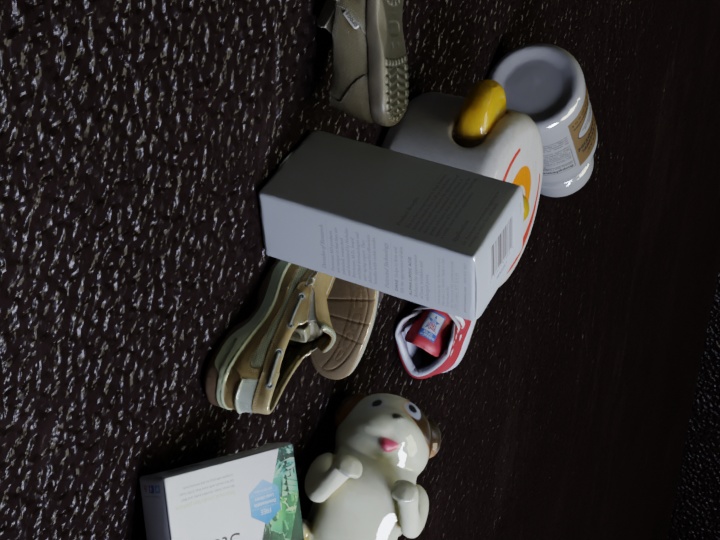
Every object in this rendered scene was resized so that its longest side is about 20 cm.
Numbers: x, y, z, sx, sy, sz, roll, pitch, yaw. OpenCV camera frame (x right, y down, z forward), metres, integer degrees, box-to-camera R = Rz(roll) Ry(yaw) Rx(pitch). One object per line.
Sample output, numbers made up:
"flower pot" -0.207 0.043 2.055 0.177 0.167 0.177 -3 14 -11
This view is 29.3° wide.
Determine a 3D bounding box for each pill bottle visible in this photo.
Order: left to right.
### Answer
"pill bottle" 0.218 -0.168 1.610 0.116 0.113 0.200 -67 157 -15

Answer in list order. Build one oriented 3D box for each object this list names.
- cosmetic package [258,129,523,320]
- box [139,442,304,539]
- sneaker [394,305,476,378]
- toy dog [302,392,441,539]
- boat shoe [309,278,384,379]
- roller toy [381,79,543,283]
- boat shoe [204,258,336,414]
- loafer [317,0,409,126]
"cosmetic package" 0.025 -0.040 1.135 0.102 0.198 0.075 -51 148 -41
"box" -0.102 0.252 1.111 0.143 0.036 0.204 -8 93 -47
"sneaker" 0.096 0.025 1.511 0.112 0.070 0.203 -18 123 -67
"toy dog" 0.012 0.223 1.369 0.194 0.138 0.203 51 57 -78
"boat shoe" 0.000 0.000 1.272 0.065 0.071 0.203 -2 101 -60
"roller toy" 0.103 -0.078 1.370 0.182 0.138 0.203 31 75 -67
"boat shoe" -0.052 0.046 1.172 0.201 0.075 0.072 -59 153 -32
"loafer" -0.001 -0.220 1.135 0.076 0.066 0.204 -6 95 -69
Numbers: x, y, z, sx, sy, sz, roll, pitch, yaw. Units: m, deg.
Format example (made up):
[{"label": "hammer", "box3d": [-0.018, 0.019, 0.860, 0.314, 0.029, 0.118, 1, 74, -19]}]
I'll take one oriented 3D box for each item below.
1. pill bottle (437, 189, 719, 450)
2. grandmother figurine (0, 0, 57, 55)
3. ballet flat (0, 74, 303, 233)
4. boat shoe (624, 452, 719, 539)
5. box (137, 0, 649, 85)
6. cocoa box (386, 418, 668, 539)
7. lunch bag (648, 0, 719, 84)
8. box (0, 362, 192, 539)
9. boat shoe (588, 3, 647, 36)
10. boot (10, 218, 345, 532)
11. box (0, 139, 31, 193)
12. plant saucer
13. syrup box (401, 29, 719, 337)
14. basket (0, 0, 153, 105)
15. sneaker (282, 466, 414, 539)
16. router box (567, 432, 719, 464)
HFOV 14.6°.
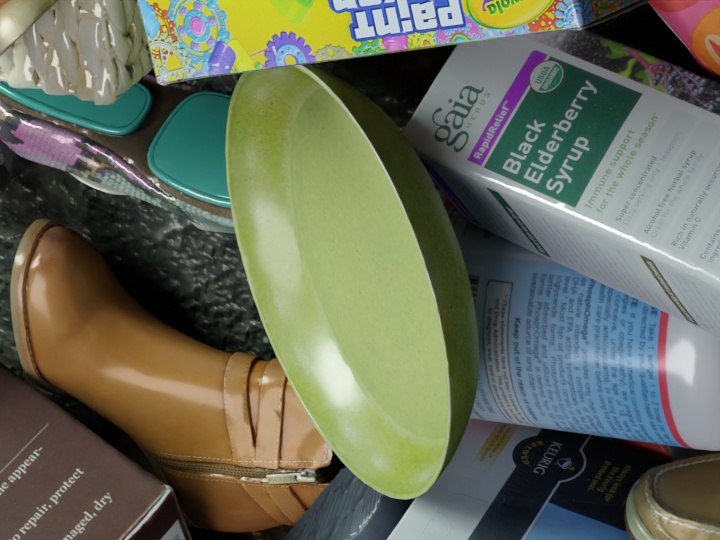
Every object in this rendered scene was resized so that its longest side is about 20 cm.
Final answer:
[{"label": "pill bottle", "box3d": [0.123, 0.022, 1.249, 0.200, 0.109, 0.109, 7, 126, 28]}, {"label": "grandmother figurine", "box3d": [-0.208, -0.165, 1.131, 0.200, 0.061, 0.121, 46, 125, -8]}, {"label": "ballet flat", "box3d": [-0.096, -0.056, 1.364, 0.200, 0.069, 0.071, 21, 149, 22]}, {"label": "boat shoe", "box3d": [0.217, 0.098, 1.234, 0.200, 0.072, 0.076, 2, 139, -14]}, {"label": "box", "box3d": [0.010, -0.184, 1.059, 0.200, 0.122, 0.193, -4, 105, 37]}, {"label": "cocoa box", "box3d": [0.071, 0.180, 1.265, 0.131, 0.200, 0.134, 19, 130, 18]}, {"label": "lunch bag", "box3d": [0.166, -0.178, 1.101, 0.200, 0.082, 0.176, 47, 129, -8]}, {"label": "box", "box3d": [-0.205, 0.154, 1.452, 0.200, 0.164, 0.166, 33, 159, 25]}, {"label": "boat shoe", "box3d": [0.034, -0.163, 1.195, 0.200, 0.070, 0.070, 37, 130, 0]}, {"label": "boot", "box3d": [-0.079, 0.052, 1.424, 0.154, 0.074, 0.200, 1, 135, 32]}, {"label": "box", "box3d": [-0.261, -0.092, 1.367, 0.050, 0.158, 0.200, -11, 115, 37]}, {"label": "plant saucer", "box3d": [0.000, 0.000, 1.219, 0.200, 0.031, 0.200, 47, 147, 44]}, {"label": "syrup box", "box3d": [0.122, -0.035, 1.163, 0.200, 0.079, 0.081, 26, 169, 32]}, {"label": "basket", "box3d": [-0.151, -0.201, 1.219, 0.198, 0.161, 0.200, 12, 126, 25]}, {"label": "sneaker", "box3d": [0.004, 0.153, 1.393, 0.082, 0.070, 0.200, 28, 150, -6]}, {"label": "router box", "box3d": [0.114, 0.150, 1.390, 0.179, 0.049, 0.200, -10, 117, 36]}]
◇ ◇ ◇ ◇ ◇
# [DESCRIPTION OF THE TASK]
Apply a filter to the listing above so that only lines with "object" are kept, and copy those lines.

# [RESPONSE TO THIS EXERCISE]
Every object in this rendered scene was resized so that its longest side is about 20 cm.
Numbers: x, y, z, sx, sy, sz, roll, pitch, yaw. OpenCV camera frame (x right, y down, z forward), metres, integer degrees, box-to-camera R = Rz(roll) Ry(yaw) Rx(pitch). One object per line.
Answer in list order. Build one oriented 3D box for each object this list names.
Every object in this rendered scene was resized so that its longest side is about 20 cm.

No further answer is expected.